Many prospective buyers of properties that are located within a common interest development blindly rely on their real estate agent to thoroughly review the association’s finances and other documents that they are supposed to review in order to make an intelligent decision about whether or not to complete the transaction.
Nearly every purchase transaction has a contingency period during which the prospective buyer should investigate the physical condition of the property, the financial condition of the homeowners association and other issues that would have a material impact on the decision about whether or not to complete the transaction. Frequently, buyers are not provided with all of the information they are supposed to receive from the association, or they don’t bother to review the information that they are given. Buyers should be aware of what they are supposed to be given and they should make sure that information is timely received and reviewed. Buyers should question their realtors to confirm that required documents have been received and reviewed and they make sure action is taken to obtain items that have not been delivered.

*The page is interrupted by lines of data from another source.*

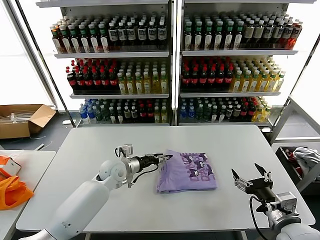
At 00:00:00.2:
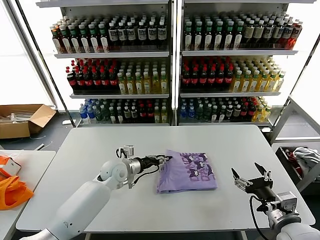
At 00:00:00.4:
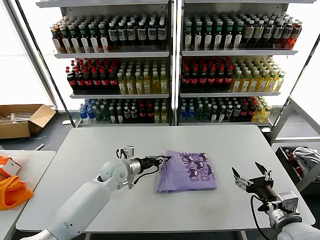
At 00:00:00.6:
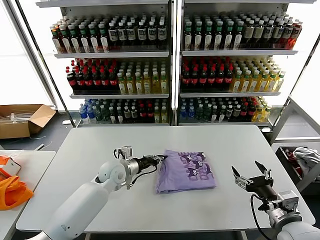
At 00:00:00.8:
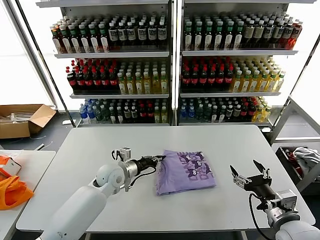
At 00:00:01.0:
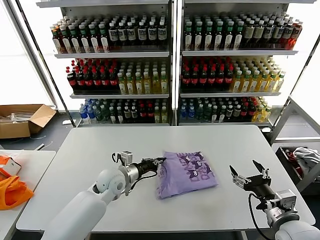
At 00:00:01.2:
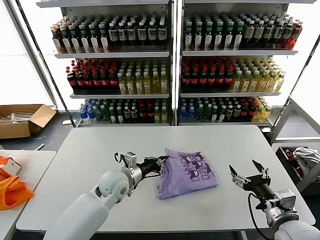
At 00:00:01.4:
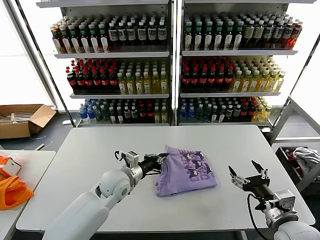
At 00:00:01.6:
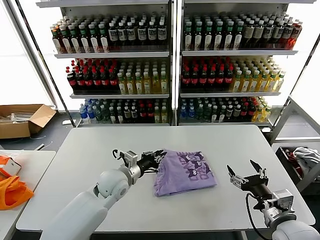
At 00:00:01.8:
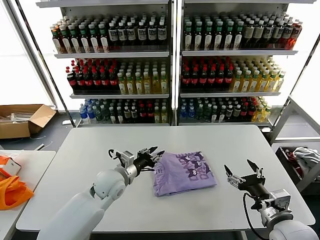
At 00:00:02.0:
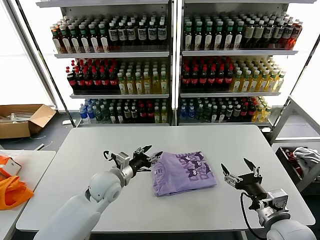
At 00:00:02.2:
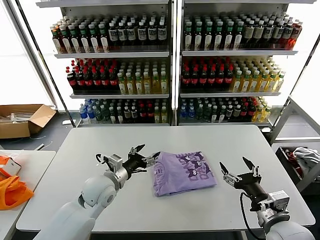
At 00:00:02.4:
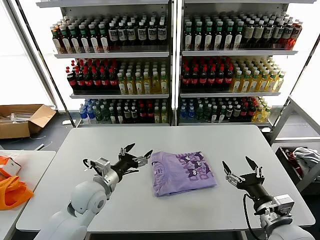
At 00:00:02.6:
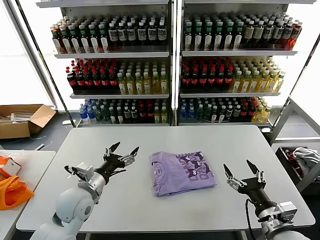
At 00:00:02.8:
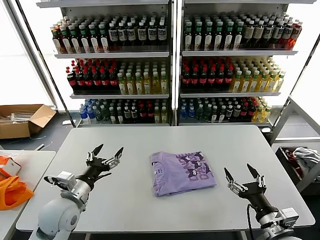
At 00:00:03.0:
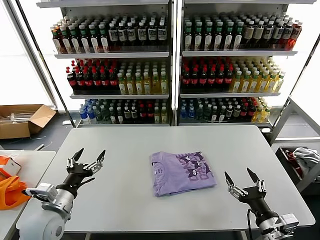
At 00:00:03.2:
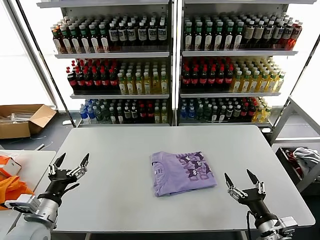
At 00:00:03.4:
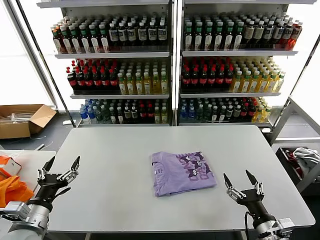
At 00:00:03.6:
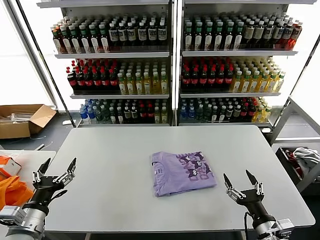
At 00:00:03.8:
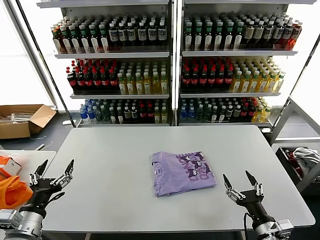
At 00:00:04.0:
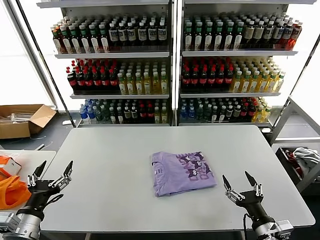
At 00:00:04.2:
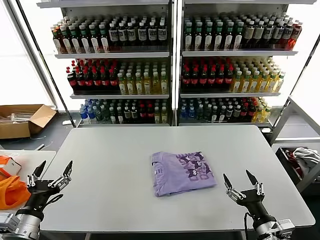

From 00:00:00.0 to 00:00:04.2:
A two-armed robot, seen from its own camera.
Task of the whole recording: fold and organize the clothes.
Step, from 00:00:00.0 to 00:00:02.0: Drag the clothes to the center of the table.
From 00:00:00.0 to 00:00:01.4: The left gripper shifts some 5 cm backward, and closes up.
From 00:00:01.4 to 00:00:02.8: The left gripper heads to the left and backward, covering roughly 15 cm, and opens its fingers.
From 00:00:02.8 to 00:00:04.2: The left gripper shifts roughly 15 cm backward and to the left.

If required items do not exist, the buyer is taking a big risk by completing the transaction. Most buyers are not looking to buy a future lawsuit that will bring nothing but stress. A lack of proper records is a red flag that the prospective buyer should be aware of.

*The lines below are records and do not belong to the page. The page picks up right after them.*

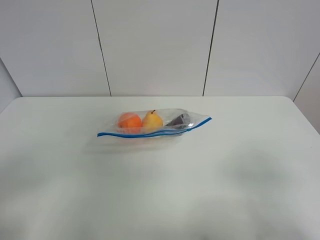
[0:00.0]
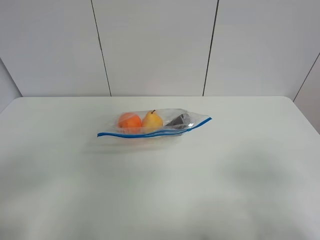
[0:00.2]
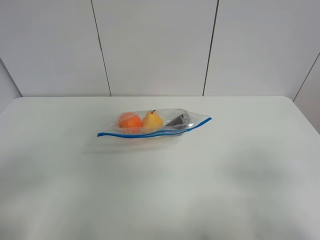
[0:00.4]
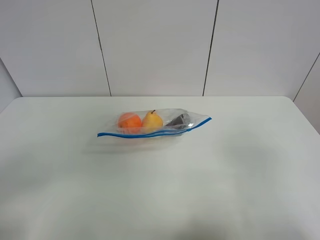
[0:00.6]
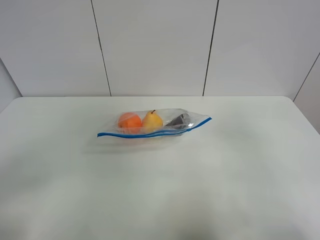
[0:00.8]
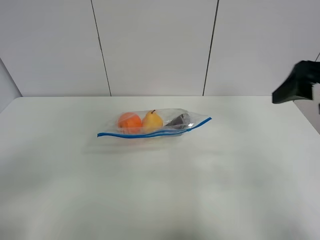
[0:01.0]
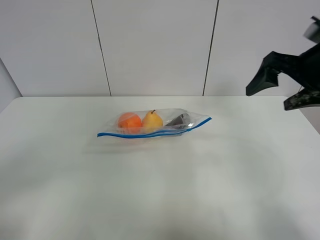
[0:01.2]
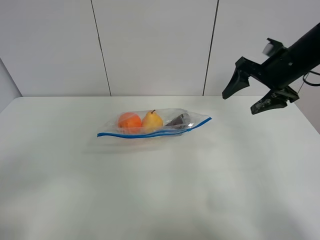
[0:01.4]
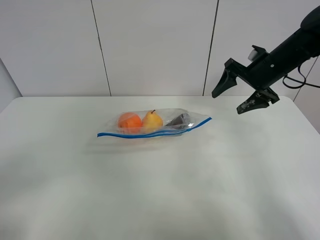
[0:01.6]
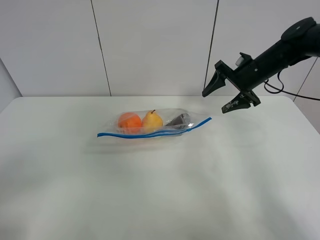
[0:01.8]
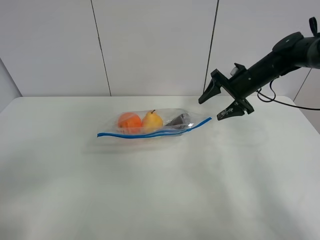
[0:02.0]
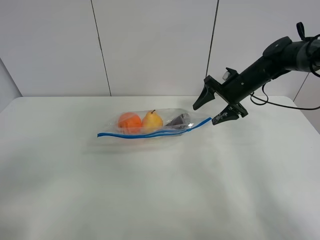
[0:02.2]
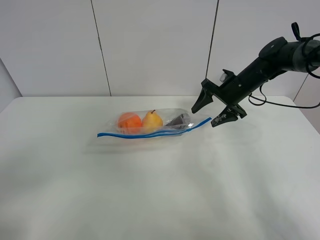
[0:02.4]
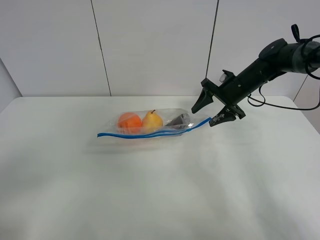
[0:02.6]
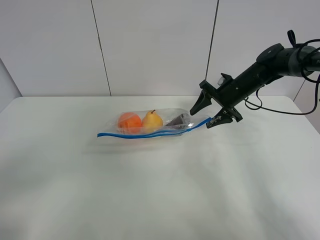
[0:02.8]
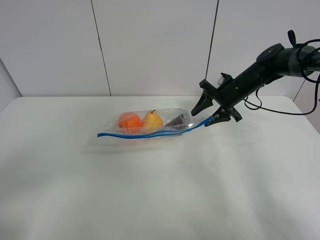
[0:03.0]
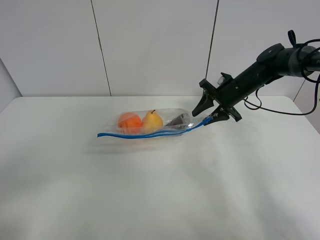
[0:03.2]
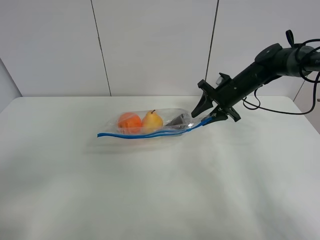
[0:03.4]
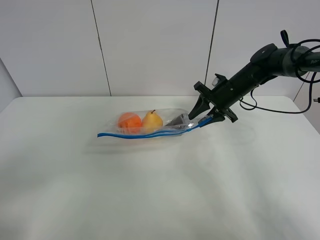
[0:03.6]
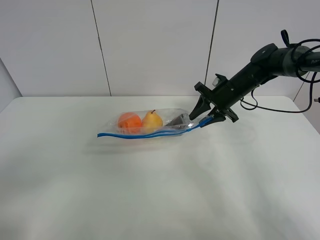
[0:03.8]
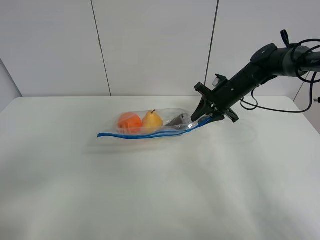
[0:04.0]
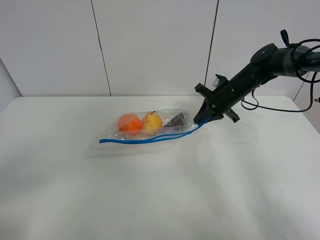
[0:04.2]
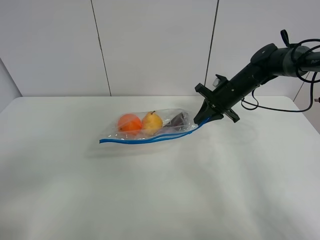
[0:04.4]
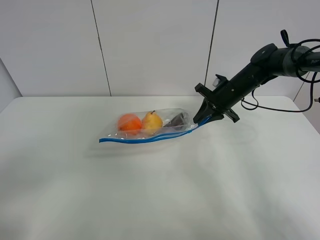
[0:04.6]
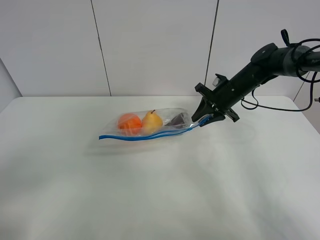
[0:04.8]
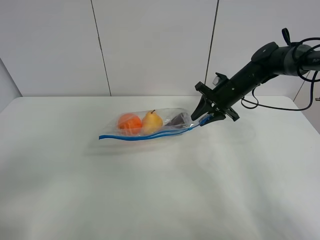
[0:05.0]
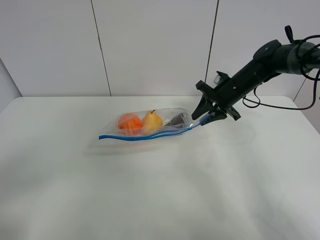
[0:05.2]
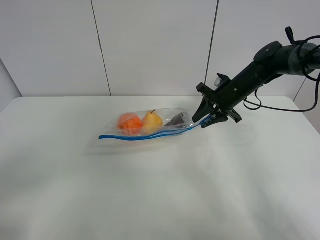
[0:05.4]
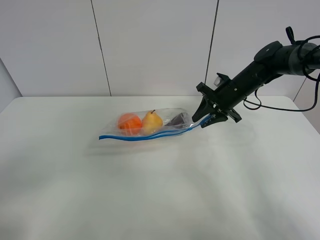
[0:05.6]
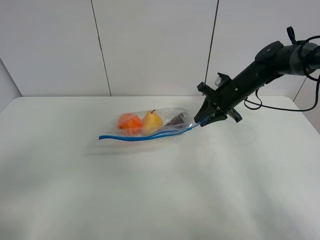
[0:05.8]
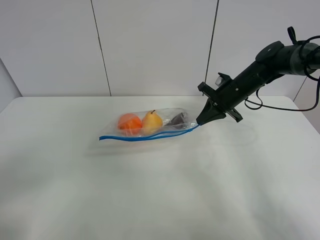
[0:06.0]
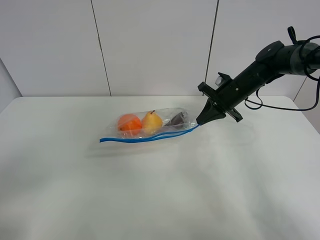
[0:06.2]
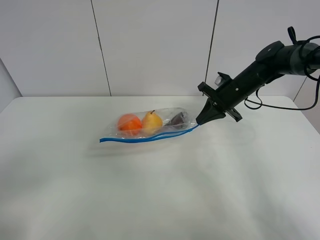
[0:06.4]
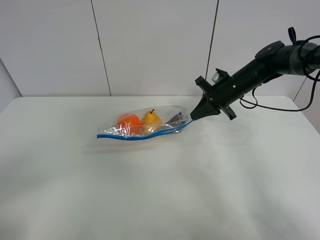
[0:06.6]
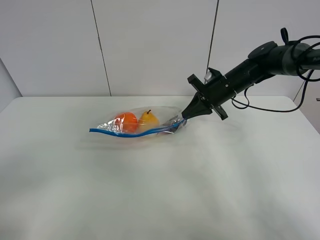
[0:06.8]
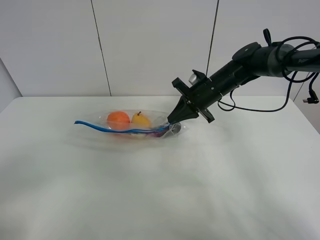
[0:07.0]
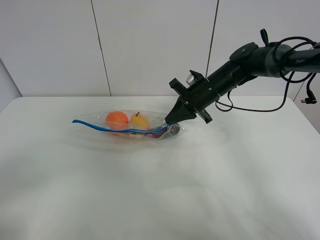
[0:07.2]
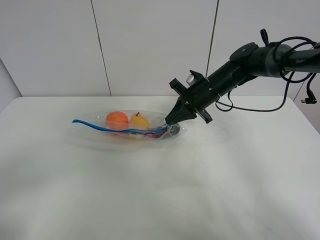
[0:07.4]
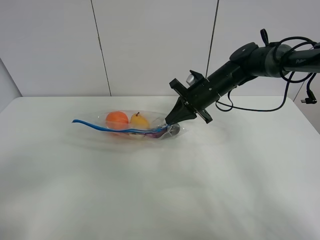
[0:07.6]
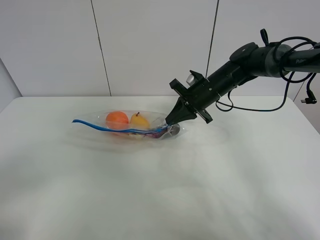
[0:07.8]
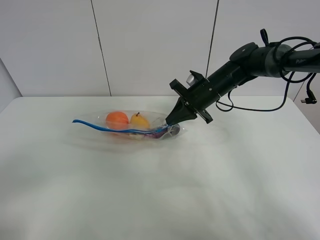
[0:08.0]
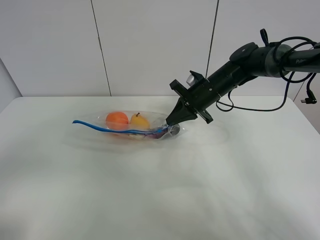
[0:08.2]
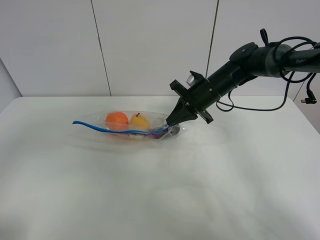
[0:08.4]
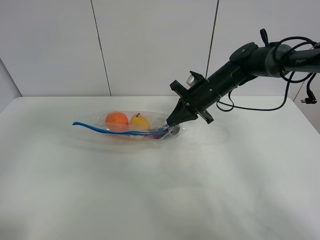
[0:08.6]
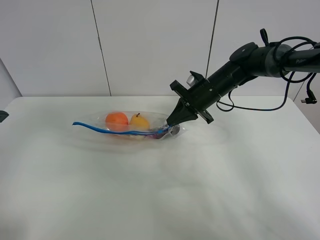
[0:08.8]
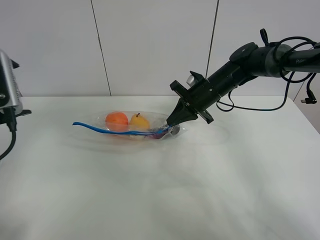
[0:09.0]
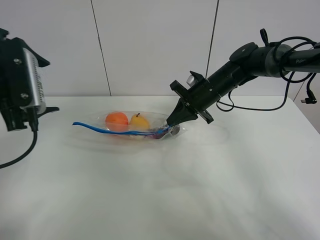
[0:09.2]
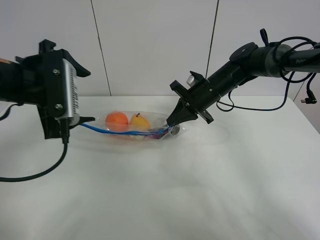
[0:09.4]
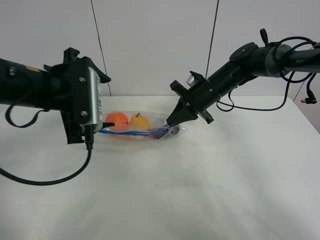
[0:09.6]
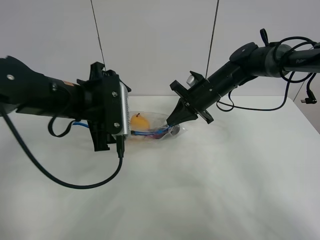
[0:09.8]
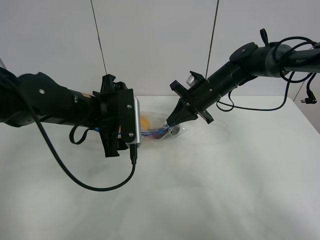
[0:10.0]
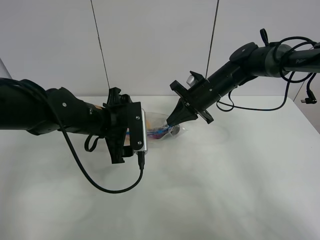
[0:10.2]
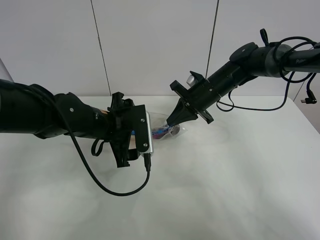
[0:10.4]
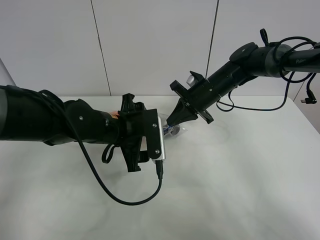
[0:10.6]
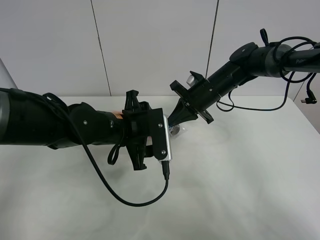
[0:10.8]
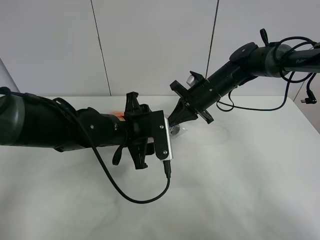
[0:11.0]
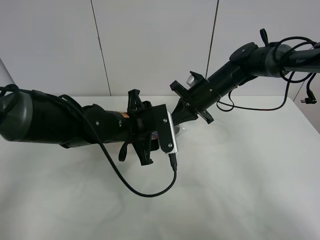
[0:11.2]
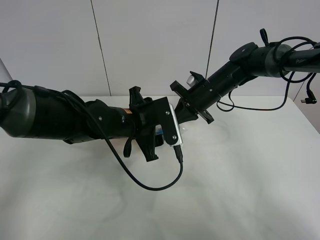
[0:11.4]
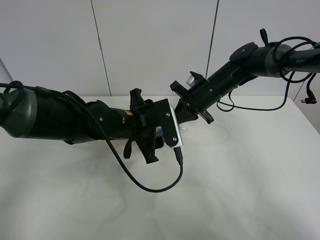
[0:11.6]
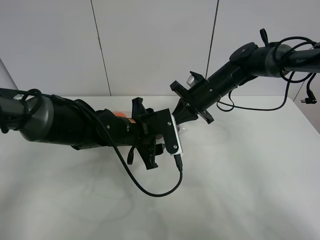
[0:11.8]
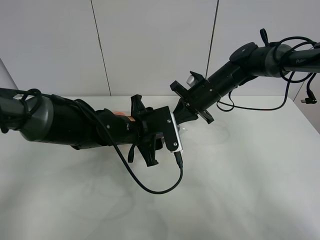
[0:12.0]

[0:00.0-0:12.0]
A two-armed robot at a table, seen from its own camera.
Step, 0:00.0 to 0:06.0: Grasp the fruit bag with right gripper.
Step, 0:06.2 to 0:07.6: Lift the fruit bag with your right gripper.
0:00.0 to 0:01.6: The right gripper heads forward, covering roughly 40 cm.
0:01.6 to 0:03.0: The right gripper travels downward by roughly 10 cm.
0:03.0 to 0:04.4: The right gripper closes.
0:04.4 to 0:06.0: The grippers stay close to where they were, moving slightly.
0:06.0 to 0:07.6: The right gripper is displaced to the left by roughly 5 cm.
0:07.6 to 0:09.0: The left gripper shifts about 25 cm forward.
0:09.0 to 0:10.4: The left gripper goes some 20 cm to the right and downward.
0:10.4 to 0:12.0: The left gripper shifts by approximately 5 cm, and closes up.

A buyer should inspect the separate interest they will be purchasing and the common area. Common area that is not properly maintained is going to be a problem for the homeowners who ultimately have to deal with the ramifications of improperly maintained property. An association’s financial information will give a prospective buyer an idea of what expenses are being paid and whether or not the association is maintaining proper reserves for the repair and future replacement of the various common area components. Insufficient reserves will result in malfunctions, disrepair, and ultimately special assessments that the homeowners will have to pay.

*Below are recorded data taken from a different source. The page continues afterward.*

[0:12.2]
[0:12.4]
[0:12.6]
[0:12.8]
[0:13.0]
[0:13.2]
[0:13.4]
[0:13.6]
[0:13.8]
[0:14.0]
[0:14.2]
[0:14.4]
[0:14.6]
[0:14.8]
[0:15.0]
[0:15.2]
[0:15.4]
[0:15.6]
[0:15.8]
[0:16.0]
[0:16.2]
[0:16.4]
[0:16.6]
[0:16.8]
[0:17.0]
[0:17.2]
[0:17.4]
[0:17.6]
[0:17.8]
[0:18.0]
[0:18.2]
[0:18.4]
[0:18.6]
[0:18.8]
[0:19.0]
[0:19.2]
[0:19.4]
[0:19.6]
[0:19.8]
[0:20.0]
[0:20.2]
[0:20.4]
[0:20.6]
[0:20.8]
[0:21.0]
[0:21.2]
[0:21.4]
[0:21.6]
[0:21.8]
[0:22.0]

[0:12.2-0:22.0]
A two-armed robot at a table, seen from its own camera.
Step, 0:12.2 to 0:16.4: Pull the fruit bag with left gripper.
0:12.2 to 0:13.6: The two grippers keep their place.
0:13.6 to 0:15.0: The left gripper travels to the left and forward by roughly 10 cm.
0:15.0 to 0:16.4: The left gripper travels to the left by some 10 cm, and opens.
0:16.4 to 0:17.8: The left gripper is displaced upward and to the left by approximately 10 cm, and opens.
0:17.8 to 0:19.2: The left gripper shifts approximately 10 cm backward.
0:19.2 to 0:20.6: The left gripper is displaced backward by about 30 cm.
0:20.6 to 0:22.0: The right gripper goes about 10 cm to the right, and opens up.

A buyer should also inspect minutes of the meetings of the association’s board of directors and members for a least the past 12 months. Minutes that are properly maintained will give a prospective buyer insight into the issues the association is dealing with. Those issues could involve common area problems that a buyer would want to know about, and also issues pertaining to the property or unit that the buyer is contemplating purchasing.
Many of the horror stories that people hear about living in a common interest development that is governed by a homeowners association probably would have been avoided had the purchaser been more careful about investigating the property and association before completing their purchase.